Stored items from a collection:
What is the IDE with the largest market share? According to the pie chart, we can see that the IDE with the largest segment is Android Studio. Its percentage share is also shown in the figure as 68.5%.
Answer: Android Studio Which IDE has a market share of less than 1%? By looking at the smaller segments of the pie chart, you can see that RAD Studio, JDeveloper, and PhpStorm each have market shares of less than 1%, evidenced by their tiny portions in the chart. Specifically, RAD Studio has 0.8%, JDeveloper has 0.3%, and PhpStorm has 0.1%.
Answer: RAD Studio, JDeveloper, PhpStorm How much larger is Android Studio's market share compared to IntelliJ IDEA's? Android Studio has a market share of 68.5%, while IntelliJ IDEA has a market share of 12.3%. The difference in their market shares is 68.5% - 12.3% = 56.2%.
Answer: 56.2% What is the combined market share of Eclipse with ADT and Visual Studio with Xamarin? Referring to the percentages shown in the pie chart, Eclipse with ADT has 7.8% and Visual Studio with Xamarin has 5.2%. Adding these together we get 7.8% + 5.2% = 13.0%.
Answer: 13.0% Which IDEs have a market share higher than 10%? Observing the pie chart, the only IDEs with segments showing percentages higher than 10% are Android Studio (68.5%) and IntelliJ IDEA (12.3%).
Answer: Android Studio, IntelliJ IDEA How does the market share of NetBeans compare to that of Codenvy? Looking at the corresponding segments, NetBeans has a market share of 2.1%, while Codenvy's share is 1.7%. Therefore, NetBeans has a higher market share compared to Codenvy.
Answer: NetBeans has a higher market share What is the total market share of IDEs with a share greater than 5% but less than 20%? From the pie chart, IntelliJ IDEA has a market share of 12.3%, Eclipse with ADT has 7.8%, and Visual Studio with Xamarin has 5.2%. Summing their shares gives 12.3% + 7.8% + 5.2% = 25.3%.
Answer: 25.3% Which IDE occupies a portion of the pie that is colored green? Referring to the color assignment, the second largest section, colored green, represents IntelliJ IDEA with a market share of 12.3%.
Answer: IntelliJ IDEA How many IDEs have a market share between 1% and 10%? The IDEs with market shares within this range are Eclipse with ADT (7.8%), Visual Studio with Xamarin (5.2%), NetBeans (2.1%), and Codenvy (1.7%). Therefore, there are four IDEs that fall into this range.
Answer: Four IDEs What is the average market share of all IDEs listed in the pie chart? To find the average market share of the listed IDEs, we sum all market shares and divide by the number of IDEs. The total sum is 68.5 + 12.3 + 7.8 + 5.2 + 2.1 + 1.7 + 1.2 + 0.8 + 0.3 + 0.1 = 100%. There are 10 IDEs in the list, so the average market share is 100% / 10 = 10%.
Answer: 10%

Required work :: Among the entries above, find the line with "Answer: 56.2% What" and the line with "Answer: 25.3% Which"; give again exactly these two lines and all lines between them.

Response to this task ::
Answer: 56.2% What is the combined market share of Eclipse with ADT and Visual Studio with Xamarin? Referring to the percentages shown in the pie chart, Eclipse with ADT has 7.8% and Visual Studio with Xamarin has 5.2%. Adding these together we get 7.8% + 5.2% = 13.0%.
Answer: 13.0% Which IDEs have a market share higher than 10%? Observing the pie chart, the only IDEs with segments showing percentages higher than 10% are Android Studio (68.5%) and IntelliJ IDEA (12.3%).
Answer: Android Studio, IntelliJ IDEA How does the market share of NetBeans compare to that of Codenvy? Looking at the corresponding segments, NetBeans has a market share of 2.1%, while Codenvy's share is 1.7%. Therefore, NetBeans has a higher market share compared to Codenvy.
Answer: NetBeans has a higher market share What is the total market share of IDEs with a share greater than 5% but less than 20%? From the pie chart, IntelliJ IDEA has a market share of 12.3%, Eclipse with ADT has 7.8%, and Visual Studio with Xamarin has 5.2%. Summing their shares gives 12.3% + 7.8% + 5.2% = 25.3%.
Answer: 25.3% Which IDE occupies a portion of the pie that is colored green? Referring to the color assignment, the second largest section, colored green, represents IntelliJ IDEA with a market share of 12.3%.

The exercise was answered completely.